リコーアジアインダストリー(RAI)は、1991年5月、中国・深(シンセン)市に設立されたリコーグループの主要生産拠点のひとつで、ここで作られた製品は日本をはじめ欧州・米州などに出荷されています。RAIで環境負荷の少ない製品をつくることは、世界の環境負荷を下げることにつながります。1998年1月にはISO14001の認証を深でいち早く取得しました。2001年からは、仕入先企業の協力を得てグリーン調達を推進しており、2004年度中に、欧州RoHS指令*に対応した生産体制の構築を完了する予定です。
 
* EU電気電子機器危険物質使用制限指令(Restriction of Hazardous Substances Dierectiveの略 )

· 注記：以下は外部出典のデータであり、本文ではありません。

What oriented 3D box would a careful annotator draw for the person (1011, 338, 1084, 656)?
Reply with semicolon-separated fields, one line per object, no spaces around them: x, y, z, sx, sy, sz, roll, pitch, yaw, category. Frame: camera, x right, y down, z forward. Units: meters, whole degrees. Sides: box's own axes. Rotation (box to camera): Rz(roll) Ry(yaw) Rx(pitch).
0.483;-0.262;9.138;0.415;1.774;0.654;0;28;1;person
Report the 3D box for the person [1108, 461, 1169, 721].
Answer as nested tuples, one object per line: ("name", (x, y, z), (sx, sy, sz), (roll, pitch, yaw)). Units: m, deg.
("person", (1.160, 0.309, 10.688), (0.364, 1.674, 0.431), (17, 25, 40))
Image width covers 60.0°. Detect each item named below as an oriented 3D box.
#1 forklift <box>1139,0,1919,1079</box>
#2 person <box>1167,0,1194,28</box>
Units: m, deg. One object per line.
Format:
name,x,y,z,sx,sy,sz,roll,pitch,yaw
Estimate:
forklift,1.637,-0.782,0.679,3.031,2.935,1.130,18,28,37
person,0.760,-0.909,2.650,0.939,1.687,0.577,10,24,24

電気電子機器への特定の化学物質の使用を制限するEU指令で、2003年に発効。加盟各国は、2004年8月13日までに国内法を整備、2006年7月1日より規制開始。
RICOH ASIA INDUSTRY
RICOH ASIA INDUSTRY
 
Q. 環境負荷の少ない製品をつくるために、重要なことは何ですか?
A. ライフサイクル全体で環境負荷の少ない製品をつくるためには、環境負荷の少ない工場でつくられた、環境負荷の少ない部品を調達するグリーン調達活動が重要です。そのためには、仕入先企業にEMSや化学物質の管理体制を構築してもらう必要があります。リコーグループだけで環境負荷の少ない製品をつくることはできないのです。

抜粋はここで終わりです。